3.3. Caractéristiques physiques des écoulements gravitaires sous-marins

3.3.2. Les écoulements non cohésifs

Si la contrainte matricielle est très faible à nulle, les écoulements sont non cohésifs (fig. 7).

Les écoulements hyperconcentrés

Si la flottabilité et les interactions entre grains sont dominantes, les écoulements sont dits hyperconcentrés (Mulder & Alexander 2001a) (fig. 7). Comme les écoulements précédents, ils se déplacent sans frottement significatif à la base (« hydroplanning »). Cette catégorie regroupe les courants de turbidités de haute concentration ou haute densité voire les écoulements de débris sableux (e.g. Kuenen 1966, Middelton 1967, Middelton & Hampton 1976, Shanmugam 2002).

Les dépôts d’écoulement hyperconcentrés sont généralement massifs, de granulométrie de silt à gravier, sans érosion à la base, sans granoclassement ou à granoclassement inverse (Nichols 1995, Lowe & Guy 2000). Le granoclassement inverse est lié à la faible vitesse de la partie basale de l’écoulement et au régime d’écoulement laminaire. La présence de particules cohésives dans l’écoulement peut induire la création de nombreuses structures de liquéfaction, de fluidification et d’échappement d’eau, ainsi que des déformations internes (slumps) et des phénomènes de charge. Les dépôts peuvent présenter de grands clastes d’argiles flottés, de nombreux blocs rigides ou déformés

Les écoulements concentrés

Lorsque les phénomènes de turbulence commencent à être aussi importants que les interactions entre grains et que la flottabilité, les écoulements sont considérés comme concentrés (Mulder & Alexander 2001a) (fig. 7). Ces écoulements sont plus dilués que les écoulements précédents. La base de l’écoulement peut être caractérisée par un transport intense de sédiments (particules de granulométrie de grossier à gravier) formant un tapis de traction (fig. 8).
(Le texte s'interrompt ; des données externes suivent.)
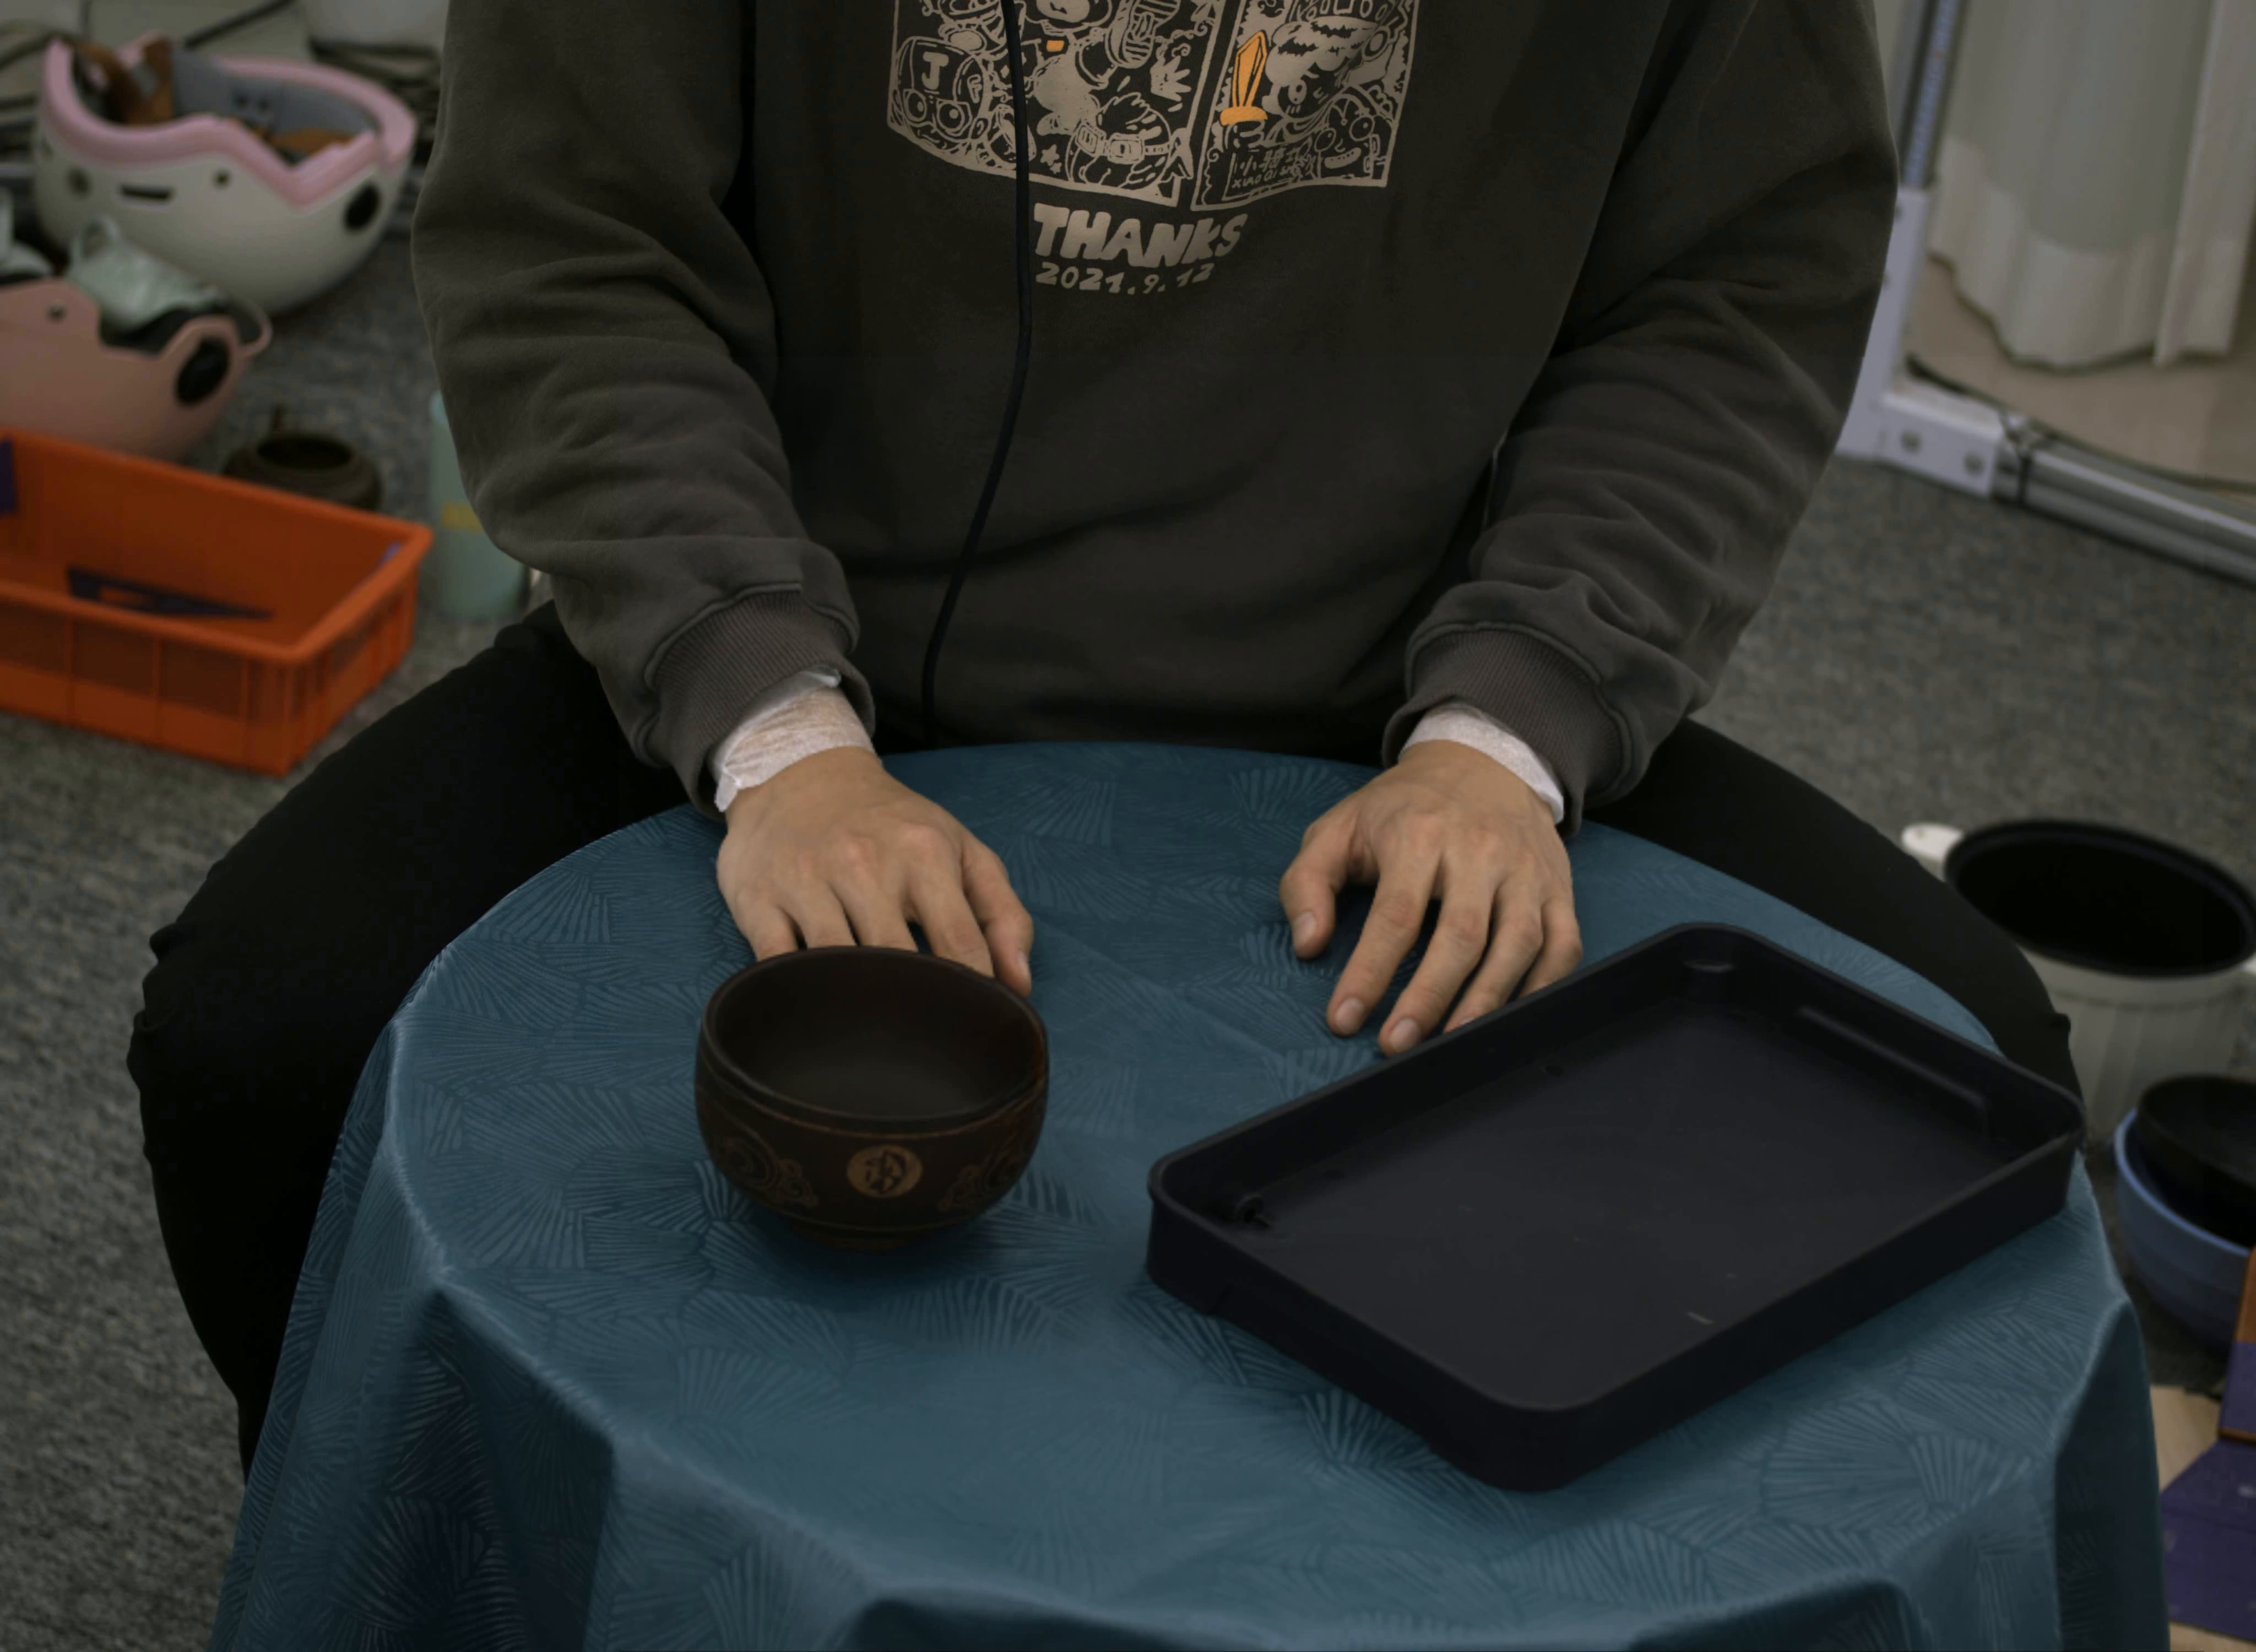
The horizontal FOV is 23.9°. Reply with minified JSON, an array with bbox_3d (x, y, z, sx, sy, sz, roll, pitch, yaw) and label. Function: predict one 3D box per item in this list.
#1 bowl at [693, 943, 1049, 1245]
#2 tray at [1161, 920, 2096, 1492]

Dans la partie inférieure de l’écoulement, la concentration de sédiments étant très importante, l’écoulement se comporte comme un écoulement hyperconcentré (laminaire) (fig. 8). À l’inverse, la partie supérieure est sujette à une incorporation d’eau qui favorise le mélange et donc une diminution de concentration permettant la création de turbulences (fig. 8). Un écoulement concentré constitue donc un écoulement stratifié (fig. 8). Il peut exister un fort découplage entre les différentes parties de l’écoulement (Piper & Normark 1983, Masson 1994). Ce fractionnement de l’écoulement engendre des écoulements secondaires dont les caractéristiques peuvent être différentes de celle de l’écoulement original.

Les dépôts d’écoulements concentrés se caractérisent par une base fortement érosive surmontée par un ensemble massif à sable ou gravier constituant une séquence Ta de Bouma (fig. 9) (Bouma 1962) ou une séquence S1-S2 de Lowe (Lowe 1982) (fig. 6). La présence d’un granoclassement inverse unique ou répétitif est possible (e.g. Lowe 1982, Postma et al. 1988, Pickering et al. 1989, Hiscott 1994, Sohn 1995, 1997, Sohn 2000). L’origine de ce classement inverse est à relier soit à des variations dans les conditions de mouvement, soit à des apports sédimentaires variables pendant l’écoulement (Hand 1997), ou encore à des pulsations de l’écoulement ou des bouffées turbulentes (Hiscott 1994).

Si la partie basale de l’écoulement montre une faible concentration en sédiments et si la durée de vie de l’écoulement est suffisamment longue, des figures de traction (e.g. rides, mégarides, antidunes) peuvent se développer (e.g. Lowe 1982, Cremer 1983, Savoye et al. 1993, Migeon 1997, Morris et al. 1998). La partie supérieure et la queue de l’écoulement étant de nature plus turbulentes, les dépôts associés se caractérisent par des dépôts de type séquence Tc-e sur le sommet (Bouma 1962) (fig. 9).

Figure 7 : Diagramme schématique définissant les différentes catégories d’écoulements gravitaires sous-marins indiquant le mécanisme de support des particules dominant, la forme idéalisée des écoulements, un profil de vitesse type, ainsi qu’un log schématique des dépôts correspondants (modifié d’après Mulder & Alexander (2001a)).

Figure 8 : Ecoulement concentré stratifié avec une partie basale au mouvement laminaire, une partie supérieure au mouvement turbulent, et une partie sommitale correspondant à un nuage de sédiments en suspension (modifié d’après Shanmugam (2002)).

Figure 9 : Structure d’une séquence idéale de dépôt issue d’un écoulement turbiditique sableux en déplétion et ralentissement : la séquence de Bouma (d’après Bouma (1962)).

Les écoulements turbiditiques

Si les phénomènes de turbulences agissent seuls ou sont prépondérants, l’écoulement correspond à un courant de turbidité s.s. (Mulder & Alexander 2001a) (fig. 7). Le seuil maximum de concentration en sédiments pour que les turbulences soient le mécanisme principal de transport correspond à 9% du volume total de l’écoulement (Bagnold 1962).

Il est encore possible de diviser les écoulements turbulents suivant la durée de l’écoulement en (1) flots turbiditiques instantanés (tête unique), (2) flots turbiditiques de plus longue durée (tête et corps) et (3) écoulements turbiditiques quasi-constant (corps dominant) (fig. 7) (Mulder & Alexander 2001a). La différence entre ces 3 écoulements tient essentiellement dans la diminution du temps de la phase d’accélération temporelle (Kneller 1995).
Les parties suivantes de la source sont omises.